Renaud Muselier en 2021. (Photo : Emilio Guzman)
Renaud Muselier en 2021. (Photo : Emilio Guzman)

Renaud Muselier en 2021. (Photo : Emilio Guzman)

L'enjeu

Face à un RN annoncé très haut, le président de région sortant veut afficher sa force dès le premier tour.

Le contexte

En annonçant le soutien de la majorité présidentielle à Renaud Muselier, Jean Castex a profondément divisé la droite.

Dans les rues de Marseille, à moins de deux mois des élections régionales, les militants ont commencé les opérations de collage. “Notre région d’abord”, clame Renaud Muselier sur ses affiches. En bas, rien, pas de logo, comme un résumé du paradoxe : la liste du président sortant ne sera étiquetée ni LR, ni LREM. Mais pourrait être la seule à s’offrir aux électeurs de la droite et du centre. Ce mardi, Les Républicains réunissent leur conseil politique et la commission nationale d’investiture avec au menu, un gros morceau venu du Sud.

Dimanche 2 mai, après l’annonce par le Premier ministre Jean Castex du soutien de la majorité présidentielle à Renaud Muselier et du retrait de la candidature de Sophie Cluzel, la réponse de LR n’a pas tardé : “conformément aux règles des Républicains qui imposent qu’il n’y ait aucun accord de premier tour avec LREM, [il] ne pourra pas bénéficier de l’investiture LR”, a tranché le président Christian Jacob. Depuis, la droite se déchire dans les médias. Revue des enjeux.

Un “soutien” à défaut d’une “investiture” ?

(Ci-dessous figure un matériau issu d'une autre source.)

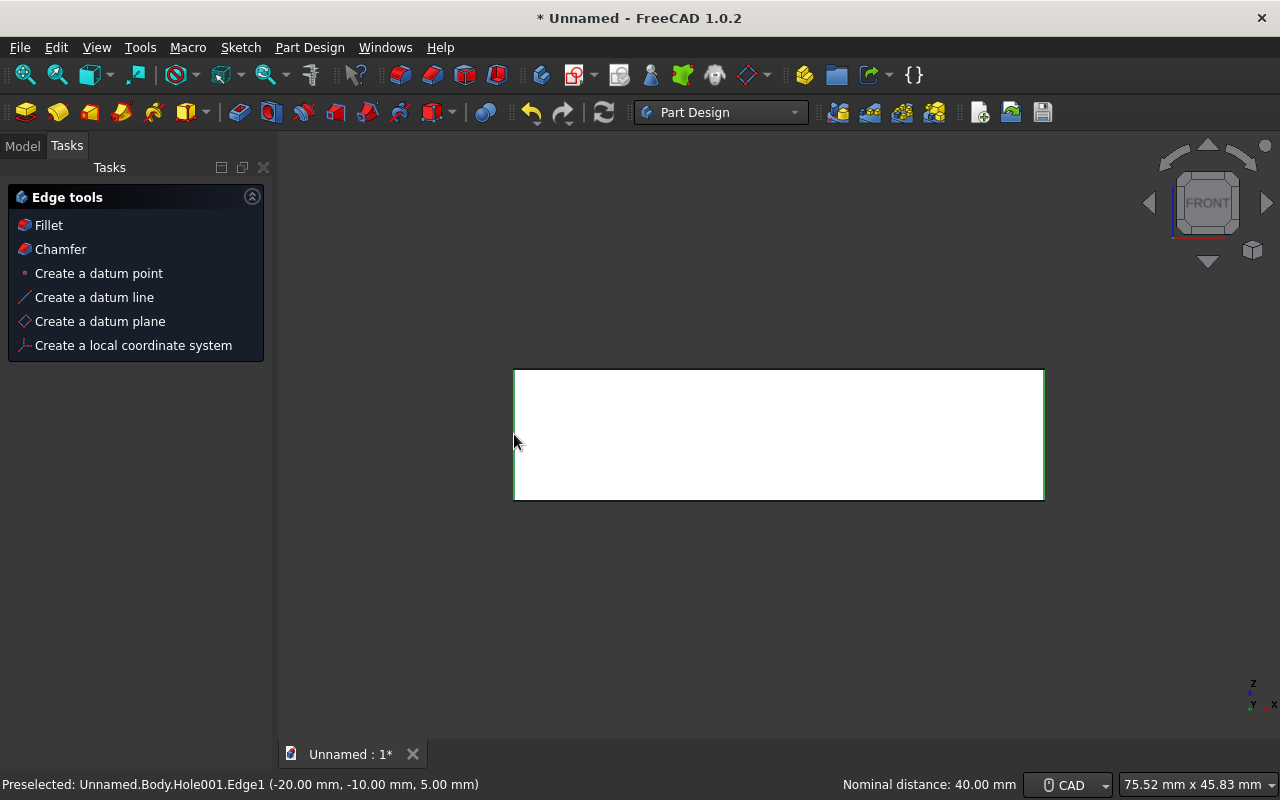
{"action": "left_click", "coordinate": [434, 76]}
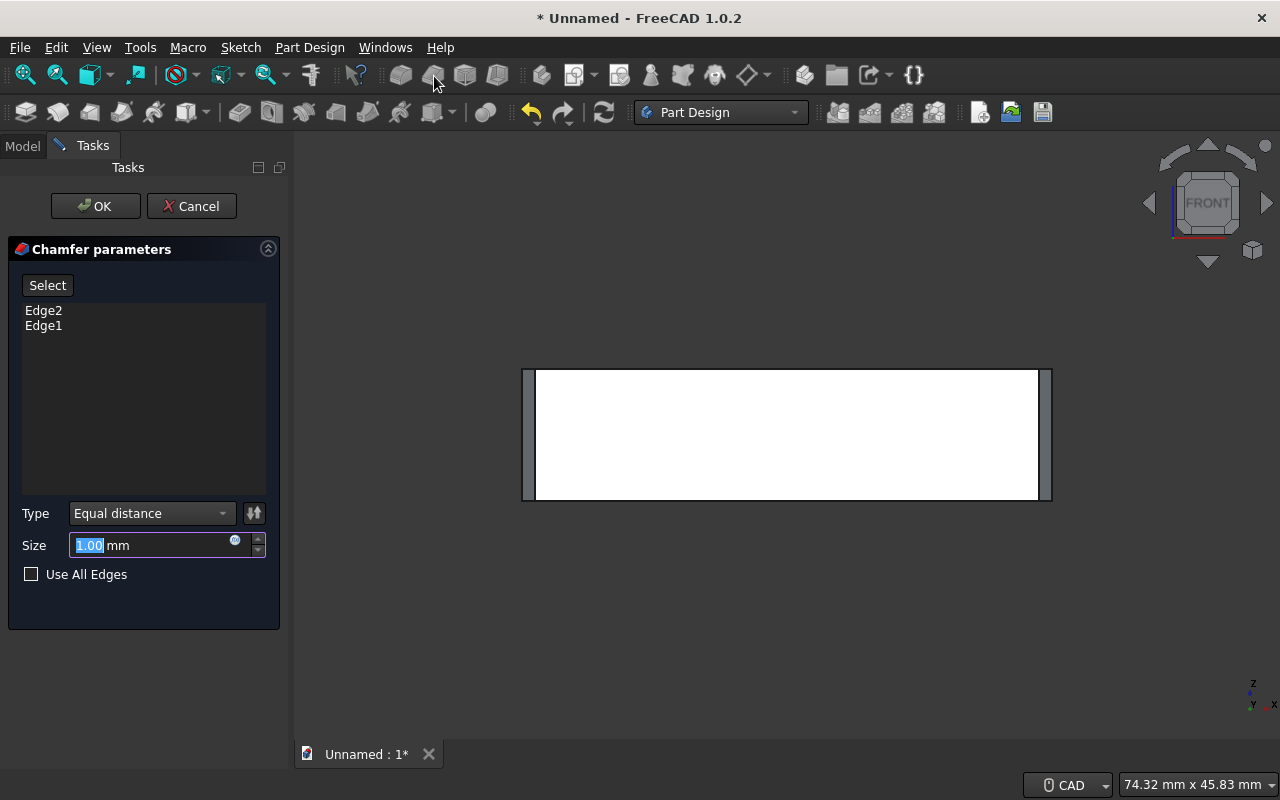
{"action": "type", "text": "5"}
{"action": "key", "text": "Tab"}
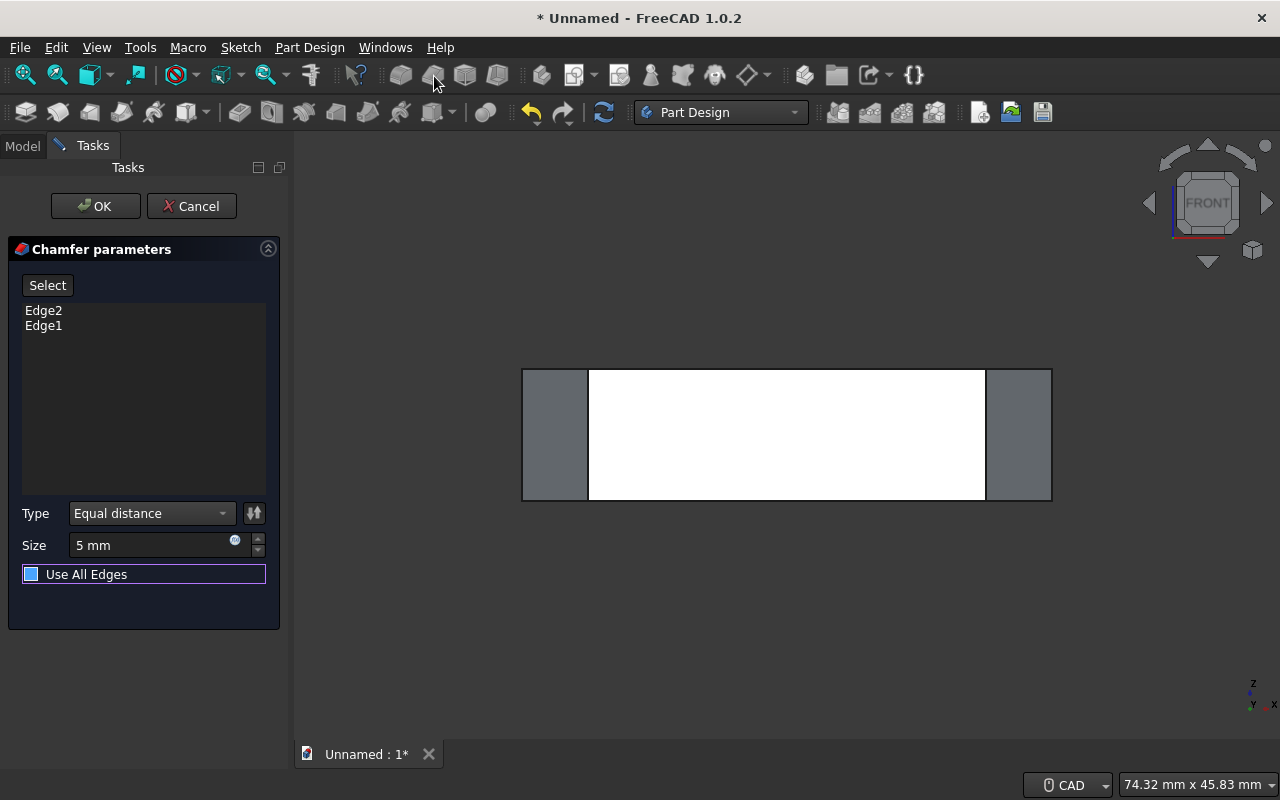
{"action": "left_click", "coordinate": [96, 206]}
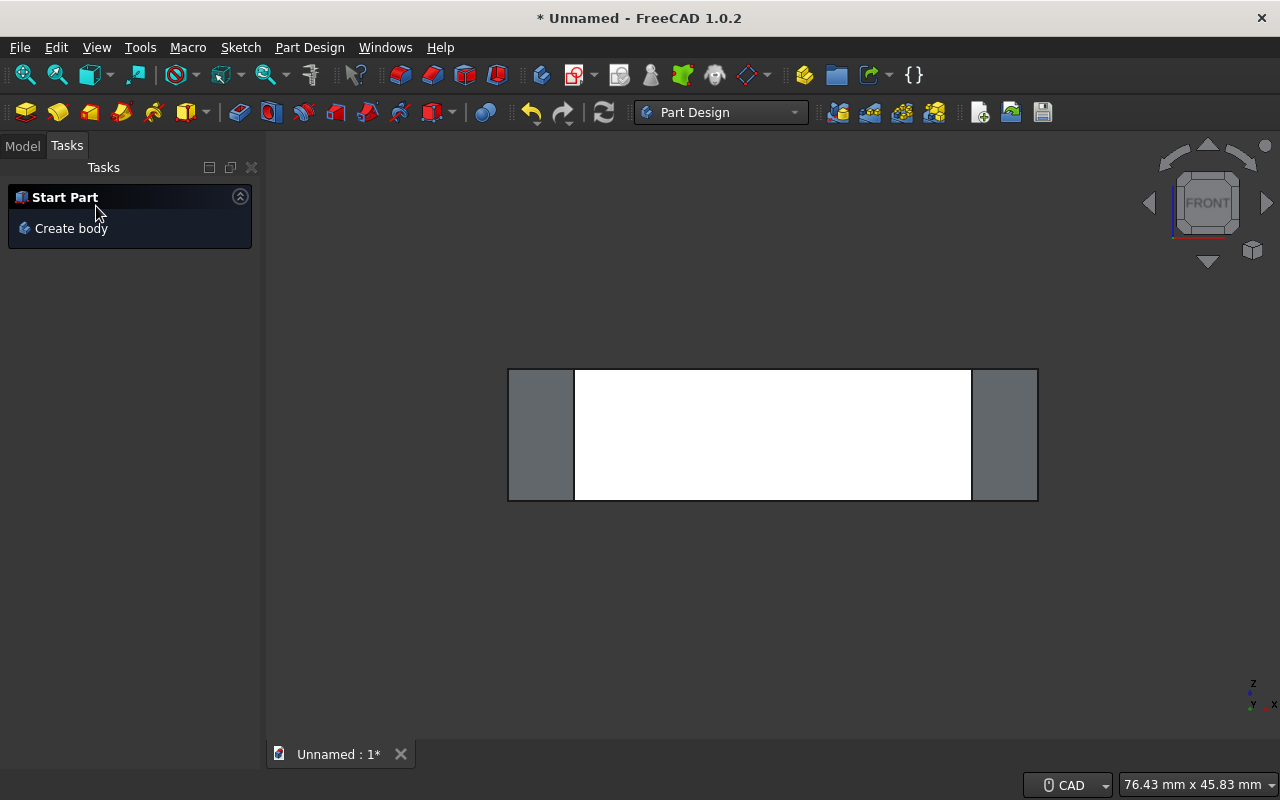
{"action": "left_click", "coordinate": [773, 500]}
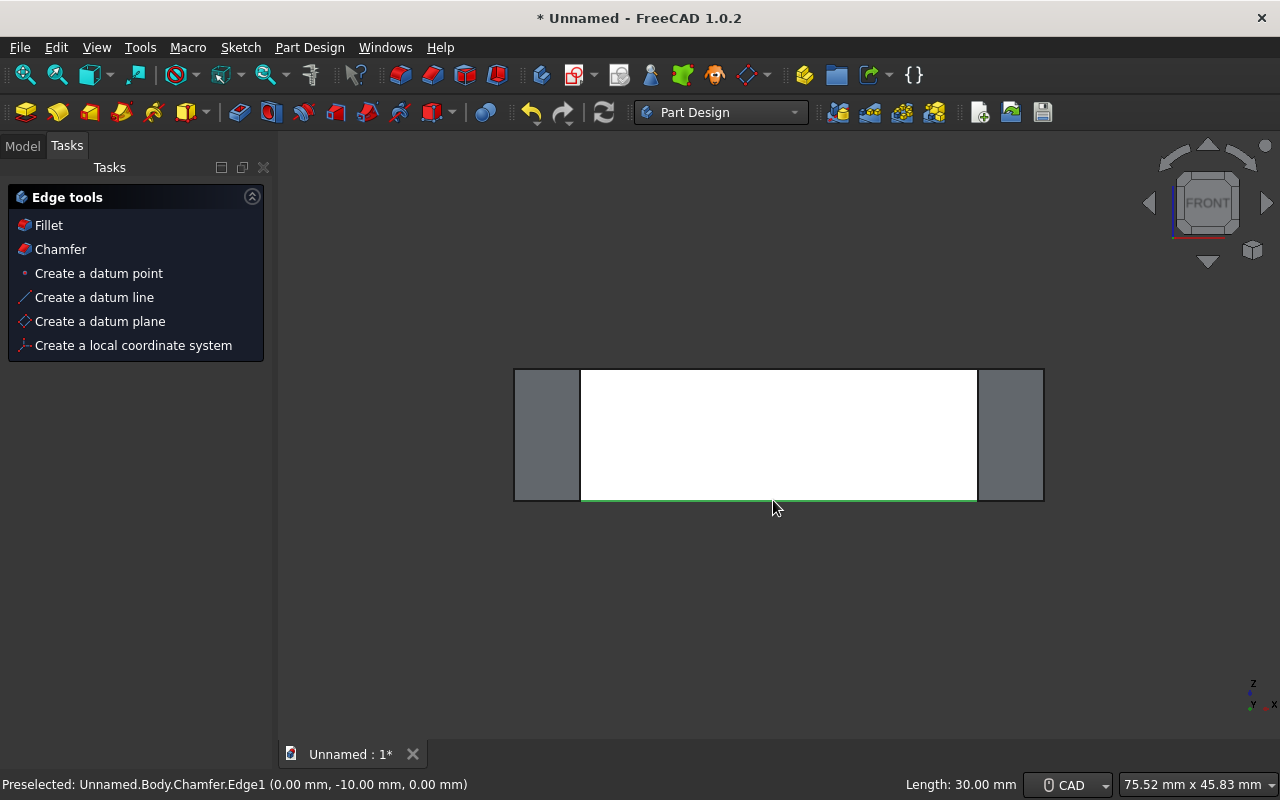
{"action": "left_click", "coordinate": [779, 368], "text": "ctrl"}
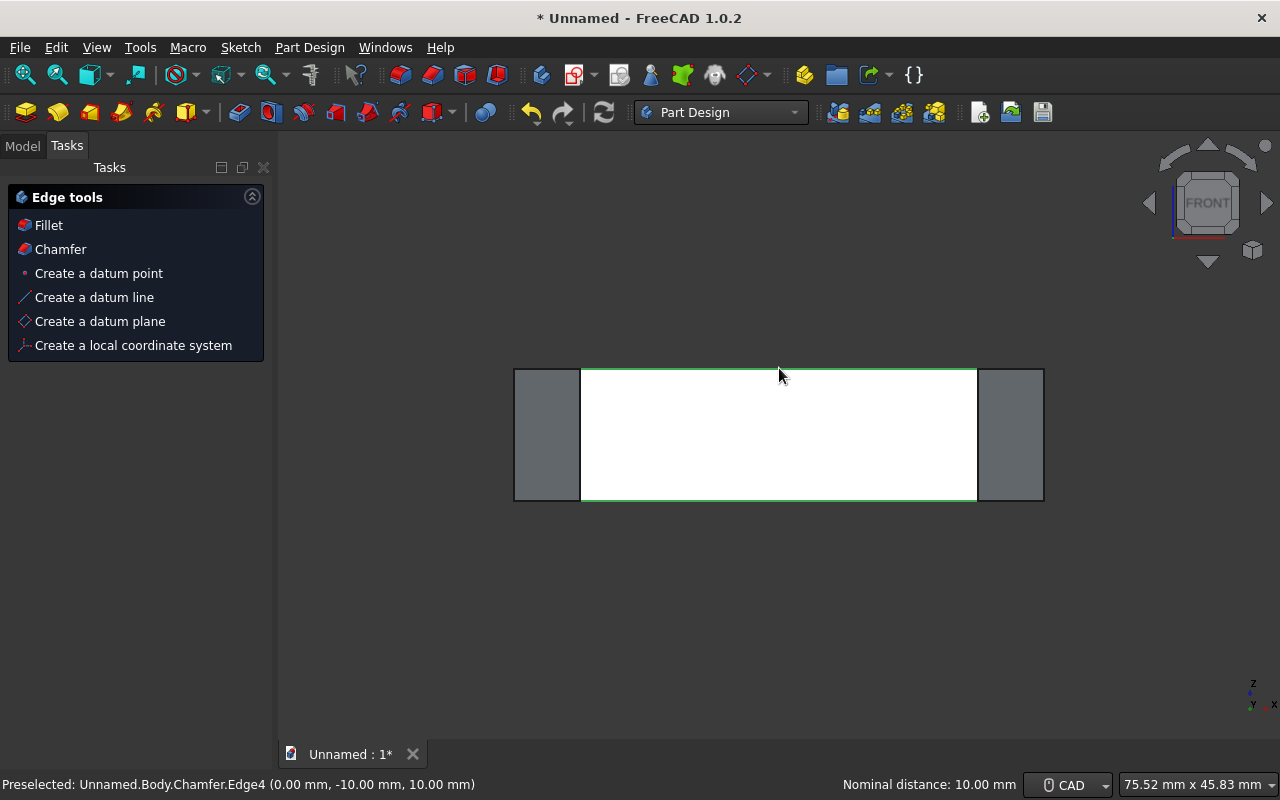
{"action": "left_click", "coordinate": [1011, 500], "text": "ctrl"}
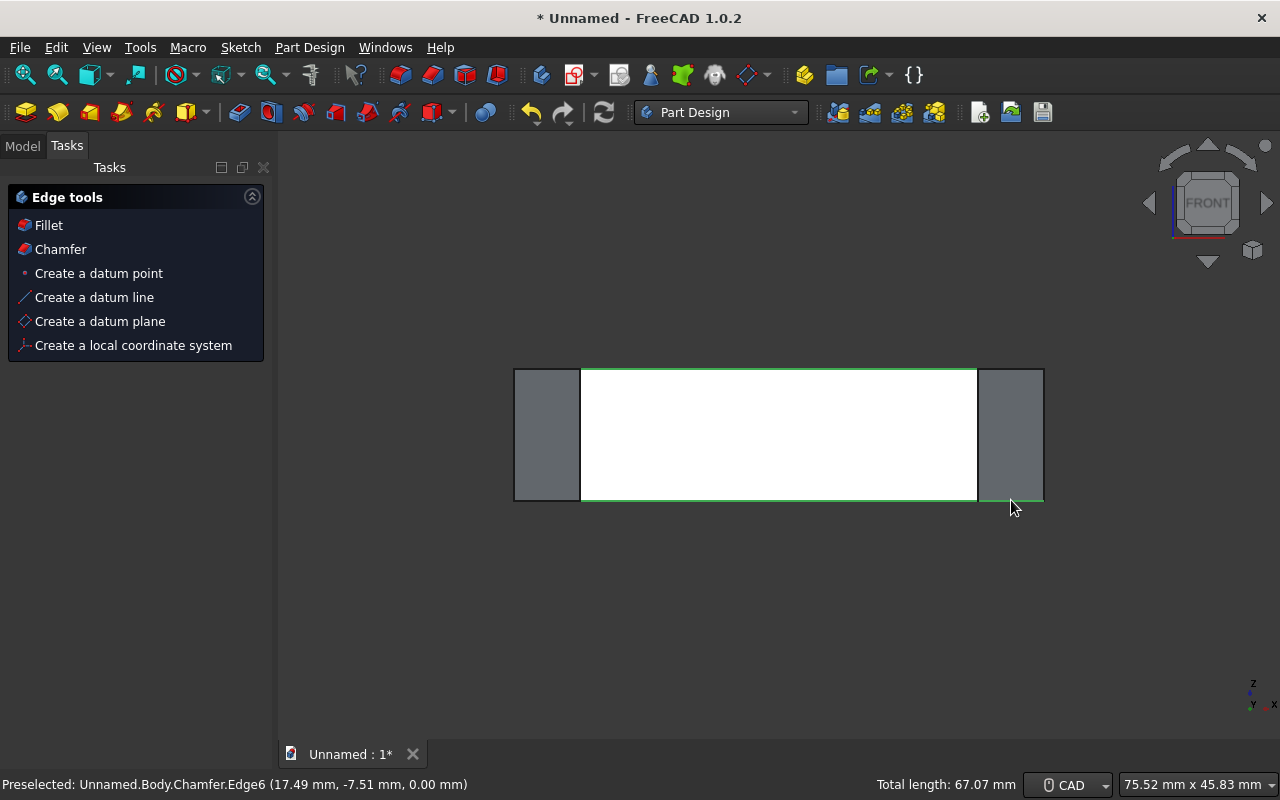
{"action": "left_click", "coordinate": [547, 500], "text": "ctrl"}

“Renaud est sous pression et honnêtement, j’aimerais pas être à sa place. Il se fait massacrer”, constate une artisane du rapprochement LR-LREM. Ce lundi, Renaud Muselier, proche de Christian Jacob, a espéré qu’il pourrait bénéficier du “soutien” du parti à défaut de “l’investiture”, en faisant un pas dans sa direction : les personnalités accueillies ne pourront pas être “ministres, sénateurs, députés et députés européens”. Cela obligerait les membres éminents de LREM qui souhaiteraient coûte que coûte être candidats à quitter leur poste avant l’élection comme l’éphémère tête de liste et secrétaire d’État chargée des personnes handicapées Sophie Cluzel ou la députée marseillaise Claire Pitollat. Qu’importe pour Renaud Muselier, qui sait qu’après l’arrêt de sa liste autonome, LREM est désormais obligé de tenir jusqu’au bout sa nouvelle ligne. “Ils essaient de nous corneriser en jouant à plus malin que malin et en voulant en faire un symbole pour 2022, alors, on les cornerise”, explique-t-on dans les couloirs de la région.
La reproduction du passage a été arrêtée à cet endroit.